*PROBLEM TO WORK ON:*
All that should come back is the lines of the data below from the one containing "#define INF 1000000001ll" to the one containing "using pii = pair<int, int>;", inclusive, exactly as they stand.

+++

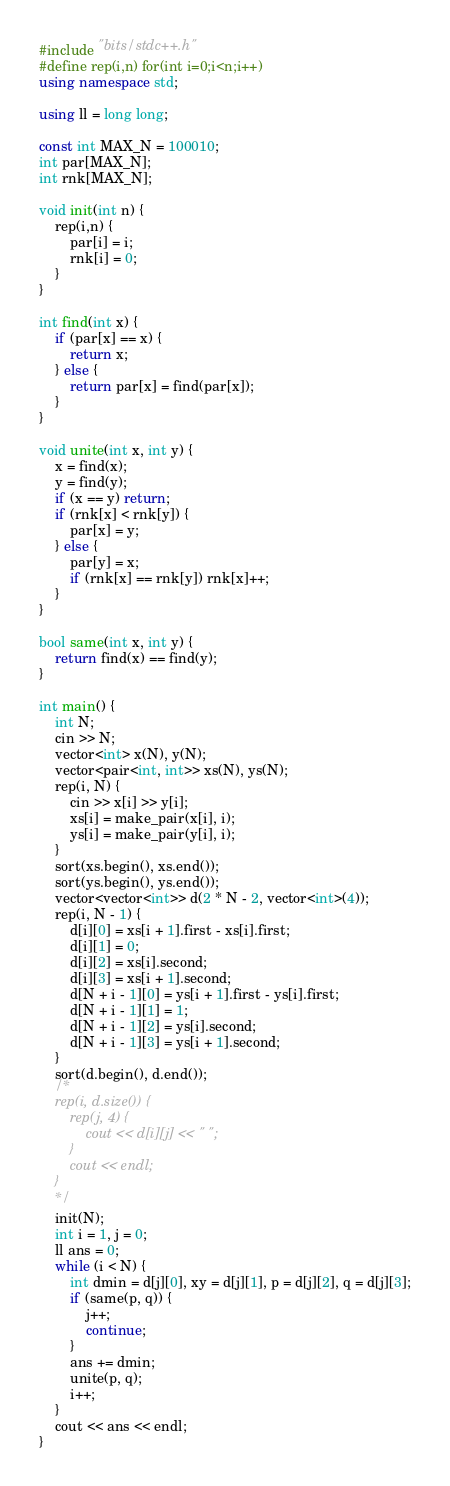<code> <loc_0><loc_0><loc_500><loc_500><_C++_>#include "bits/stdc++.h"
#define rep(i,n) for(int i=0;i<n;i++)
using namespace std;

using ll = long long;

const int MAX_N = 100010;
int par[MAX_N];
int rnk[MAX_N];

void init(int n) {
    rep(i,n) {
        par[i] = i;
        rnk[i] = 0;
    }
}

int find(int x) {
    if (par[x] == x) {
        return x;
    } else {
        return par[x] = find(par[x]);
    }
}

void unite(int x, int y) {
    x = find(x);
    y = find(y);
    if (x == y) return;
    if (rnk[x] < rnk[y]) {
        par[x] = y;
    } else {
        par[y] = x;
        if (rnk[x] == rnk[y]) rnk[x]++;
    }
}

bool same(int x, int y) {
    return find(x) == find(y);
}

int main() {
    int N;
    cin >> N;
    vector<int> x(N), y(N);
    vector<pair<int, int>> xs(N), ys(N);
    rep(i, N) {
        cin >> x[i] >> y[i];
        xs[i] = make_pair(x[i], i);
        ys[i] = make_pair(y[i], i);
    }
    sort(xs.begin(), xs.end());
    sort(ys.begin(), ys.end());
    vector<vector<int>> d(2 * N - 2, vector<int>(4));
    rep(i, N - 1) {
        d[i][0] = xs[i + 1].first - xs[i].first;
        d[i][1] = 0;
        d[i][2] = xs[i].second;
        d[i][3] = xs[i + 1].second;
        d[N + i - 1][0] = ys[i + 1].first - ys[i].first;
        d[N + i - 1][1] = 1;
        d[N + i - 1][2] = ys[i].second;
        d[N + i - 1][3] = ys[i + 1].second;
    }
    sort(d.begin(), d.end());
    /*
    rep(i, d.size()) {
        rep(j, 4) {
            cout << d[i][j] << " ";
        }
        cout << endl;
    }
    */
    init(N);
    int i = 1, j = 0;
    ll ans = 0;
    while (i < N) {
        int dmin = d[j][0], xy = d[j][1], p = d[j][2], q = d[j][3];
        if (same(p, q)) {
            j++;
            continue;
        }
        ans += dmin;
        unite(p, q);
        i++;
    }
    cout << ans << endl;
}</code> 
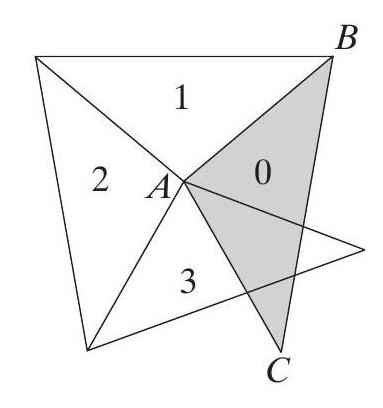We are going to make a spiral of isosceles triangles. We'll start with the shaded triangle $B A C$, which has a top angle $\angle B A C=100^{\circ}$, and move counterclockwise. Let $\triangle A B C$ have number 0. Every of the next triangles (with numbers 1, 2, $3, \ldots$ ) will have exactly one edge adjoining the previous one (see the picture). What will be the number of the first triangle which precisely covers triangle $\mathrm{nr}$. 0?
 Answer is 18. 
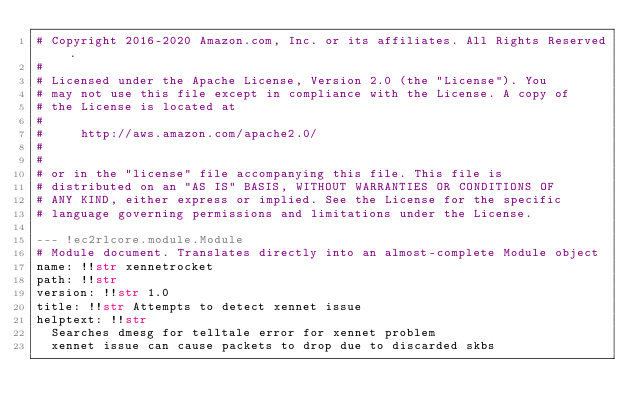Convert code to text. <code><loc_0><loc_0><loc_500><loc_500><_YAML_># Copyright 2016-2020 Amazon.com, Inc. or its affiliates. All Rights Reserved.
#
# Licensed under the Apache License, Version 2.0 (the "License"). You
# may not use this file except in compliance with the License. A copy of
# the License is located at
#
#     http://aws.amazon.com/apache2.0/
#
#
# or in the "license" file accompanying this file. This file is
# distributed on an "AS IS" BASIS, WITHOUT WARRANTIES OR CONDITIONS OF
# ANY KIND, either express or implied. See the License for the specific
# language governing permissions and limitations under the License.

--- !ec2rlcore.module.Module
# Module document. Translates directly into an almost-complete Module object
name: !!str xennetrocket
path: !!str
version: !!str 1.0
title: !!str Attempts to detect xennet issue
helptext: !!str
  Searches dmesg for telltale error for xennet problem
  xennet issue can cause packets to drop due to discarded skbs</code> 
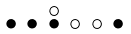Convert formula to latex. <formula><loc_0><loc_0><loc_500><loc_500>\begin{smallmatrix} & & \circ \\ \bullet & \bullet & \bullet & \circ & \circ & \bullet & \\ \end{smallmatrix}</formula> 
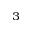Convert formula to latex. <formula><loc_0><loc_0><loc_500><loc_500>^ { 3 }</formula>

+++

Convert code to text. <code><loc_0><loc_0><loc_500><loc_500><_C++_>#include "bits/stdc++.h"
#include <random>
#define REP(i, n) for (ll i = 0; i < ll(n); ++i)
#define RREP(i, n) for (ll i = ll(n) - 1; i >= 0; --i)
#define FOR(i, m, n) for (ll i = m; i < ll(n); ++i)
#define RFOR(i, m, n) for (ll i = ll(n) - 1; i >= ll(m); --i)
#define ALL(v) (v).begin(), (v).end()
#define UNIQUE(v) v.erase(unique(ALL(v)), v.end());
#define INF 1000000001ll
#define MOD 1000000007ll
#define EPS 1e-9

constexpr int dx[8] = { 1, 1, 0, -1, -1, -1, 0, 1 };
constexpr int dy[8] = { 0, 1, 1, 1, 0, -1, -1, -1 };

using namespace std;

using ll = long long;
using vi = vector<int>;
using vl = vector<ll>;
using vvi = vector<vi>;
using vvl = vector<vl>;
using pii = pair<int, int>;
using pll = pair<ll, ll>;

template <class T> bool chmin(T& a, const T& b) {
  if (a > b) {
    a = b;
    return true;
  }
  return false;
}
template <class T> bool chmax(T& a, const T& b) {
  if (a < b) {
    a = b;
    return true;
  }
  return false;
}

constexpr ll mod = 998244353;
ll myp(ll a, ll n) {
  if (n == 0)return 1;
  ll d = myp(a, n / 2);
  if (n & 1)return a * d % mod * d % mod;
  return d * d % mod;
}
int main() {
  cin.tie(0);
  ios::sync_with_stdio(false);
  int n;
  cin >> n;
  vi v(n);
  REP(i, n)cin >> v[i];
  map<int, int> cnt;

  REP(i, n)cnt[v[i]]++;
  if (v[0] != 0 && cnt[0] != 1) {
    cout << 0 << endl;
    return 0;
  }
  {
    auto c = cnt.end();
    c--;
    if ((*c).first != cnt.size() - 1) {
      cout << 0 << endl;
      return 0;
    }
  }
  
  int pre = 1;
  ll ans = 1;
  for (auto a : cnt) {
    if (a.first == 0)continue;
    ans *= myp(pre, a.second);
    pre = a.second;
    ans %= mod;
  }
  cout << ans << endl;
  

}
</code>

+++

*FINISHED EXERCISE:*
#define INF 1000000001ll
#define MOD 1000000007ll
#define EPS 1e-9

constexpr int dx[8] = { 1, 1, 0, -1, -1, -1, 0, 1 };
constexpr int dy[8] = { 0, 1, 1, 1, 0, -1, -1, -1 };

using namespace std;

using ll = long long;
using vi = vector<int>;
using vl = vector<ll>;
using vvi = vector<vi>;
using vvl = vector<vl>;
using pii = pair<int, int>;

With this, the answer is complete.